I couldn’t pretend I wasn’t a mess. While I lay there with Georgie in her bed, I didn’t watch the rise and fall of her breath because it was beautiful, but for the fact that it was reassuring. Despite their best efforts to pull me out of my desolation, most people in my life had eventually been conditioned to withdraw from me at the first sign of displeasure. They were practical adults who, after touching the hot stove once, learned to avoid it. But it had been different from the start with Georgie—her almost childlike indifference to my feelings and heedless disregard for my aggression had allowed her to come closer than anyone before her, even though I’d only known her for a short time. I didn’t know whether or not that was a good thing.
I hovered my hand over her mouth and felt her exhales heat the center of my palm because I had to reassure myself that she was alive and well, young and healthy. The few times it seemed as though she’d stopped breathing, I’d lunged forward and felt for her breath. After the last time, I tugged my hand through my hair, angry with my fear. I stood and tugged on my shirt, felt around in the dark for my shoes, and let myself out of Georgie’s hotel room without glancing back at her.
I took the dark path up to my villa and collapsed into my bed when I got there. I wanted to wake up and go back to the way it had been before I’d met Georgie. I wanted to rewind the last few months and erase the feeling of helplessness. I didn’t want to fall for Georgie. I wanted to keep her at arm’s length, and even though I’d taken every precaution to do that, it was too late. Even before we’d kissed, I’d known. I looked forward to working with her at the bed and breakfast too much. I waited for her to arrive each morning, busying myself with something that looked productive, but really, I counted away the seconds until I would hear the gentle creak of the hinges as she walked through the front door.
Allie’s photo stared back at me from behind glass when I woke up the next morning. It had been taken on our wedding day and she was beaming right at the lens, picking up her heavy dress so she could spin around for me. I sat up in bed and dropped my feet to the ground, wiping sleep from my eyes and reaching out to turn the photo down. The metal frame clanked against my wooden night stand and I stood, craving distance.
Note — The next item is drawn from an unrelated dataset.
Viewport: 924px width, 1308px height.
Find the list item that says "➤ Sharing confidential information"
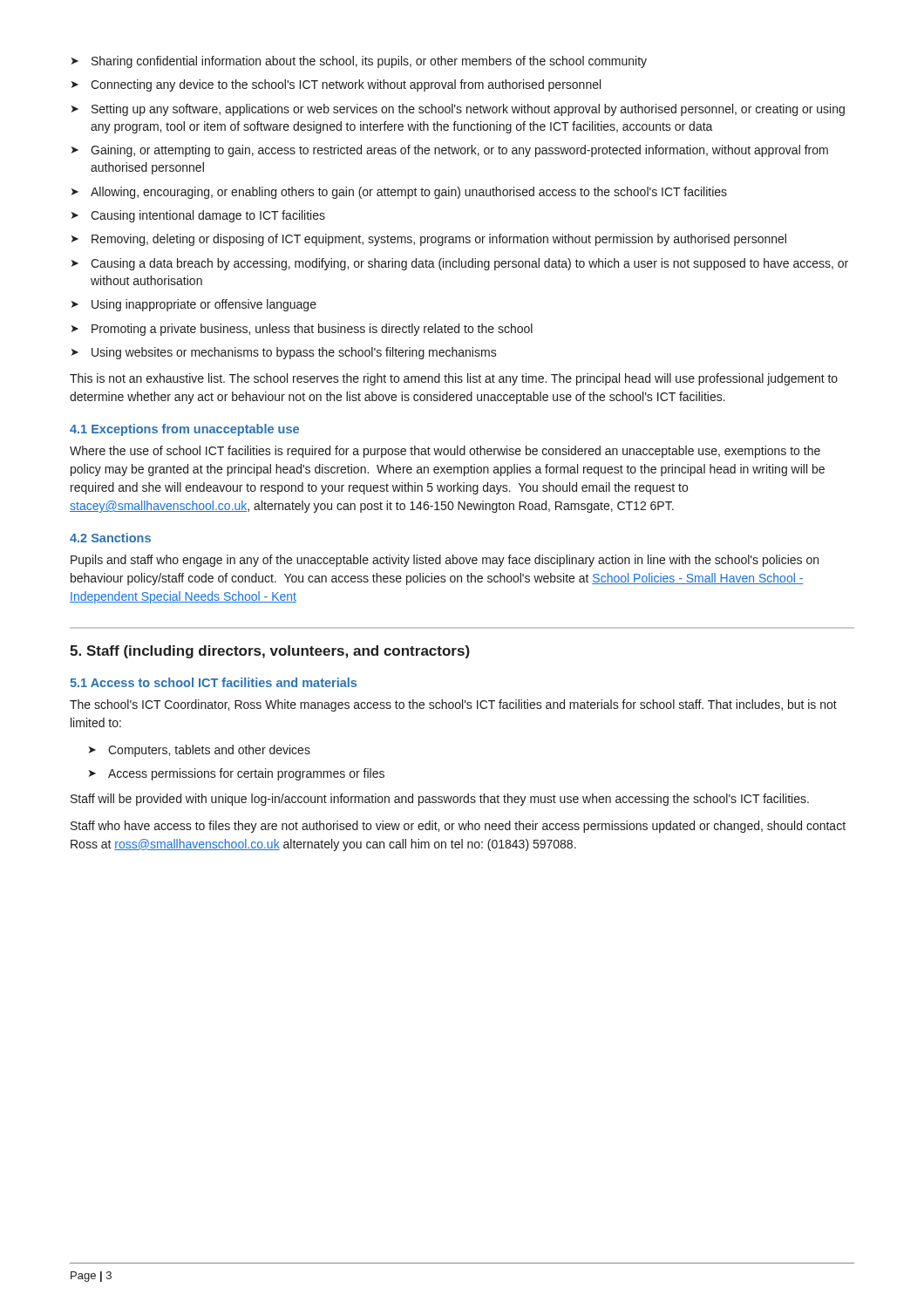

I’d slept with women since Allie’s death. They were one-night stands, meaningless flings I could justify as part of the basic needs of life, but this thing with Georgie already felt a lot like love. I cared about her, and because loving someone else, wanting someone else, wasn’t an essential part of my existence, I began to feel, in a sense, that I was betraying Allie.
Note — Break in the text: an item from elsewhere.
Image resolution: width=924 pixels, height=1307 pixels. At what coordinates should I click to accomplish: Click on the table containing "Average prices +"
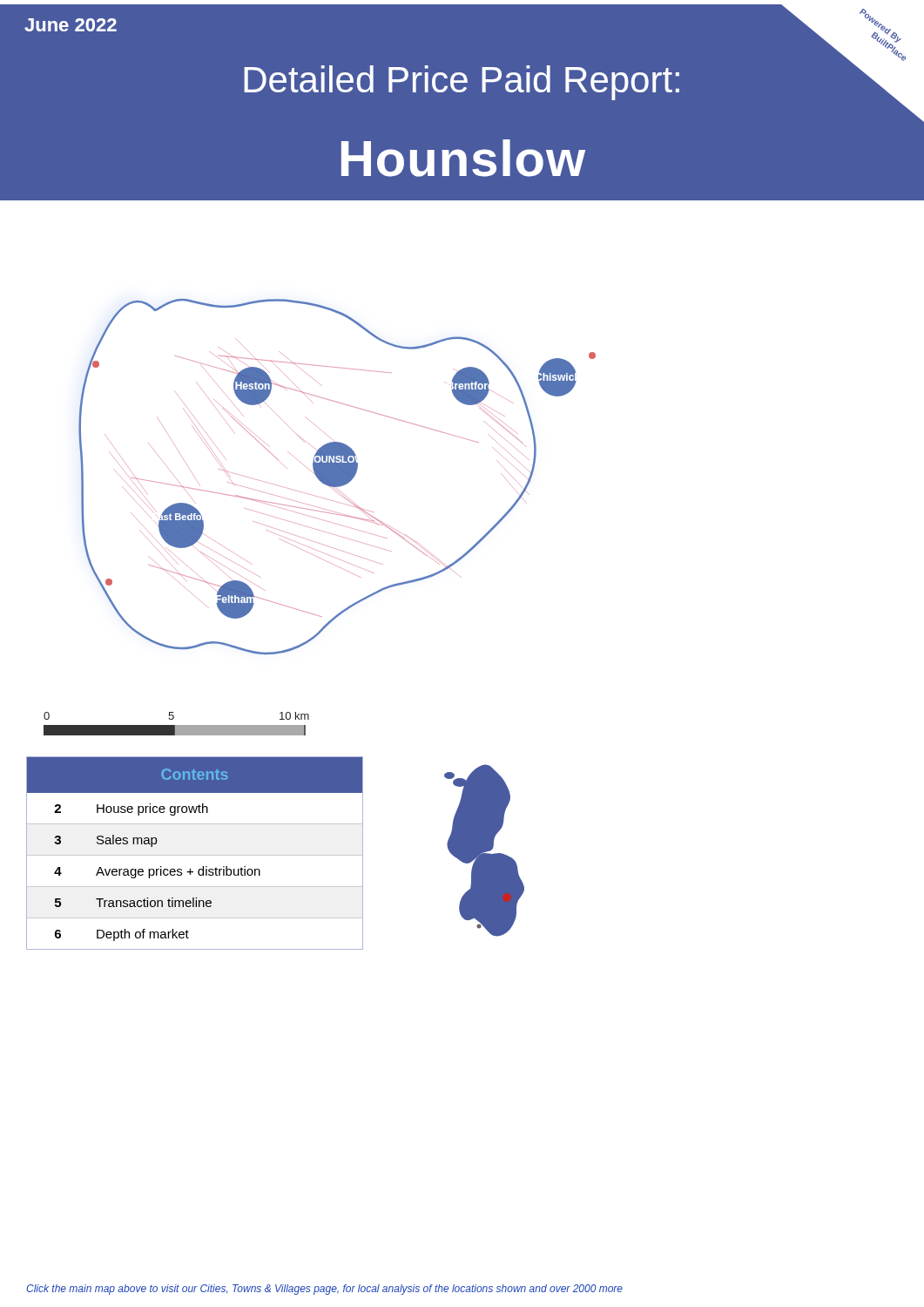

There’s a difference between losing a loved one and losing a person you’re in love with. To be in love with someone is to live inside them. Allie’s breaths were my own and when she drew her last one, I was the one left gulping for air. I hadn’t breathed deeply in five years.
…
I dragged my feet, heading to the bed and breakfast later that morning. I ate slowly, standing at my kitchen window and staring out at the sea. I found a few miscellaneous tasks I’d been putting off and told myself I couldn’t leave the house until they were done. I took out the trash and put up the clean dishes. I watered the plants outside and took a long shower, standing under the spray until the temperature had long turned cold.
I tugged on an old pair of jeans and a soft t-shirt, punched my feet into work boots, and then finally set out down the path toward Vernazza’s square.
Georgie was sitting outside the bed and breakfast, locked out. She was wearing a loose sundress and her hair fell in a relaxed braid down her back, glistening in the early morning light. She didn’t notice me approach so for those few moments, I had an unhindered few of her profile as she reached into her brown paper sack and tore off a piece of croissant to feed one of the stray cats in the square.